TASK OBJECTIVE: Only the lines from the line with "1) rack frame (930,318,1006,528)" through the end of the records belong in your reply, copied exactly, with every picture left out.

PROVIDED RECORDS:
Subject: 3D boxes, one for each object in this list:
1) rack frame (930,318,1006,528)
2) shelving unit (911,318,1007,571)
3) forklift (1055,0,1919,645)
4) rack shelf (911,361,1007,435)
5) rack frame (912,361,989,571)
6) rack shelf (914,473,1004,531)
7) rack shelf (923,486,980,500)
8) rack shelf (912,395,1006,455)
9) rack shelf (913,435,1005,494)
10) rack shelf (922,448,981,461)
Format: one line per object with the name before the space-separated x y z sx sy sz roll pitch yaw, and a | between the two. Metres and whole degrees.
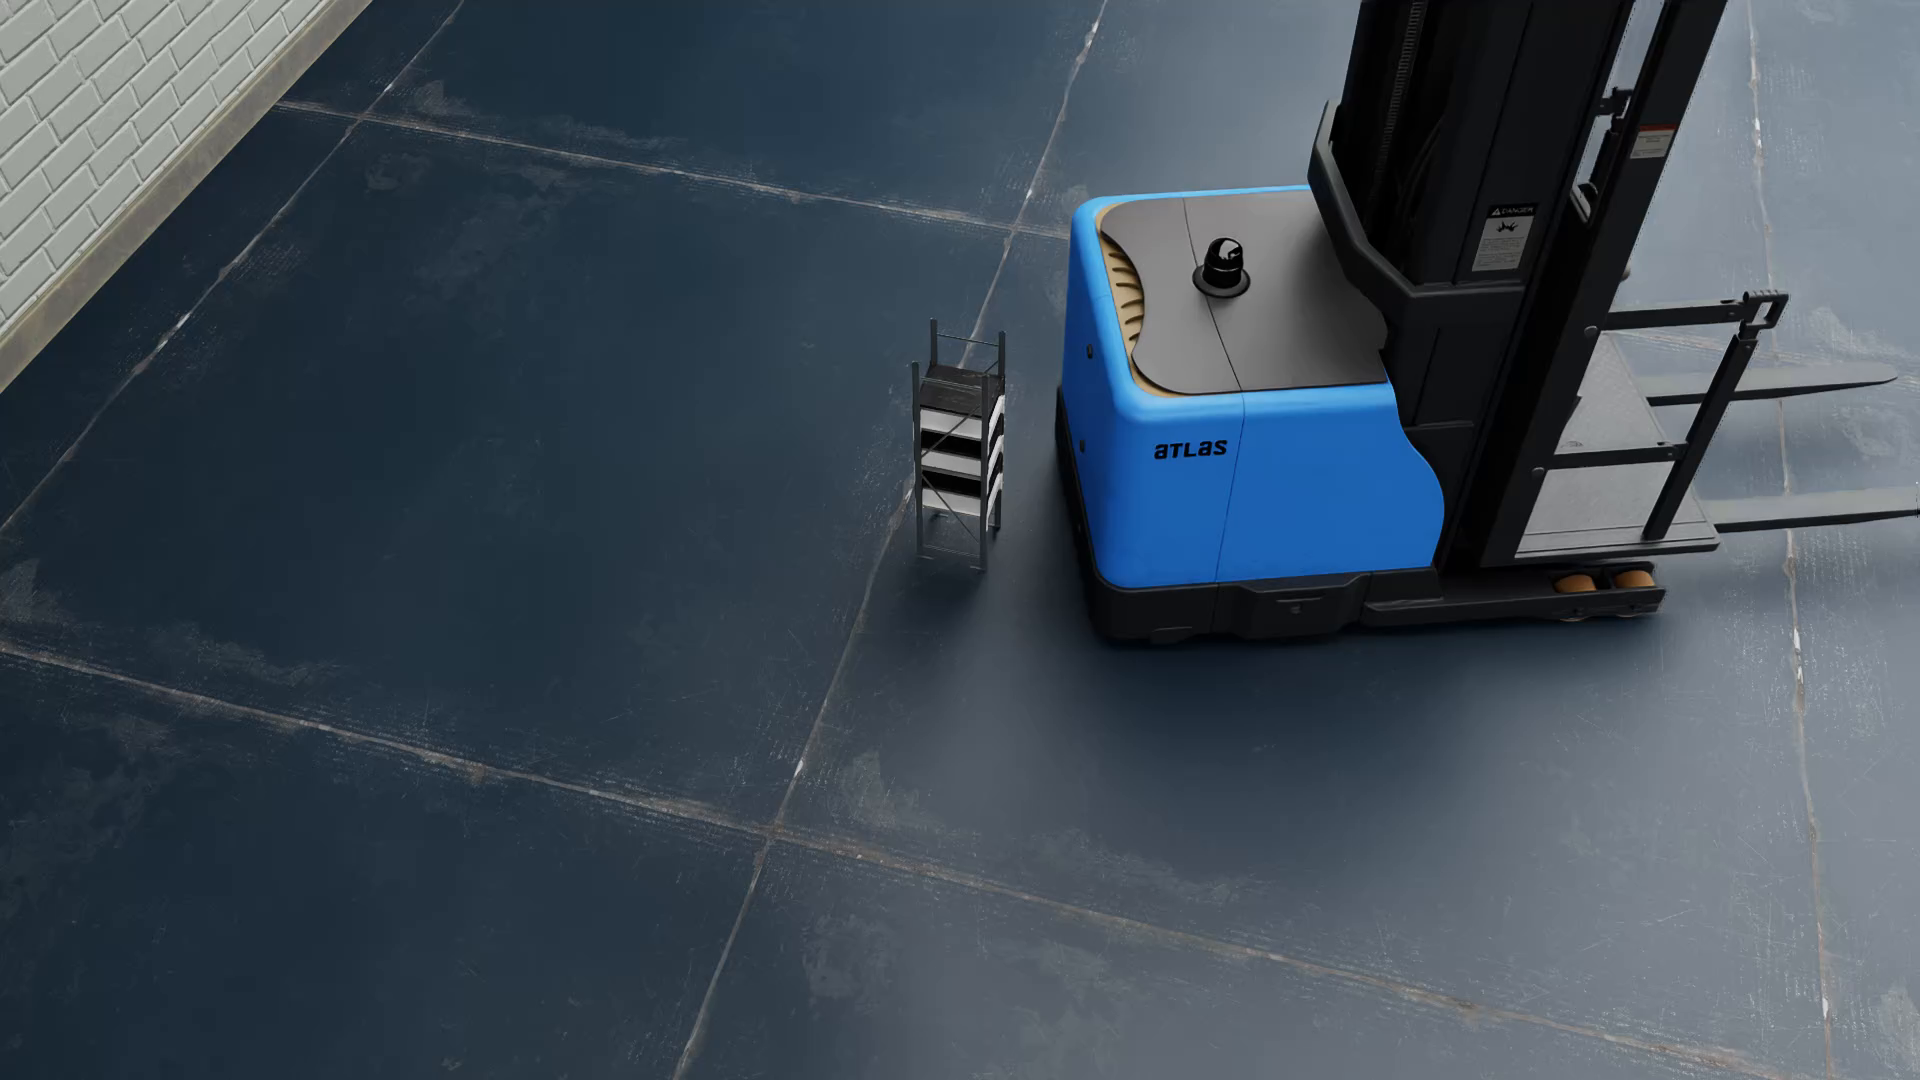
rack frame | 0.025 -0.365 5.472 0.240 0.900 0.006 12 50 10
shelving unit | -0.002 -0.292 5.407 0.258 0.900 0.210 12 50 10
forklift | 1.890 -1.094 4.760 3.031 2.935 1.130 -4 49 -4
rack shelf | -0.002 -0.449 5.230 0.258 0.077 0.200 12 50 10
rack frame | -0.029 -0.218 5.343 0.240 0.900 0.006 12 50 10
rack shelf | -0.002 -0.151 5.567 0.258 0.077 0.200 12 50 10
rack shelf | -0.002 -0.220 5.489 0.199 0.015 0.184 12 50 10
rack shelf | -0.002 -0.389 5.297 0.258 0.077 0.200 12 50 10
rack shelf | -0.002 -0.270 5.432 0.258 0.077 0.200 12 50 10
rack shelf | -0.002 -0.339 5.354 0.199 0.015 0.184 12 50 10

RESPONSE:
1) rack frame (930,318,1006,528)
2) shelving unit (911,318,1007,571)
3) forklift (1055,0,1919,645)
4) rack shelf (911,361,1007,435)
5) rack frame (912,361,989,571)
6) rack shelf (914,473,1004,531)
7) rack shelf (923,486,980,500)
8) rack shelf (912,395,1006,455)
9) rack shelf (913,435,1005,494)
10) rack shelf (922,448,981,461)
Format: one line per object with the name before the space-separated x y z sx sy sz roll pitch yaw, and a | between the two. Metres and whole degrees.
rack frame | 0.025 -0.365 5.472 0.240 0.900 0.006 12 50 10
shelving unit | -0.002 -0.292 5.407 0.258 0.900 0.210 12 50 10
forklift | 1.890 -1.094 4.760 3.031 2.935 1.130 -4 49 -4
rack shelf | -0.002 -0.449 5.230 0.258 0.077 0.200 12 50 10
rack frame | -0.029 -0.218 5.343 0.240 0.900 0.006 12 50 10
rack shelf | -0.002 -0.151 5.567 0.258 0.077 0.200 12 50 10
rack shelf | -0.002 -0.220 5.489 0.199 0.015 0.184 12 50 10
rack shelf | -0.002 -0.389 5.297 0.258 0.077 0.200 12 50 10
rack shelf | -0.002 -0.270 5.432 0.258 0.077 0.200 12 50 10
rack shelf | -0.002 -0.339 5.354 0.199 0.015 0.184 12 50 10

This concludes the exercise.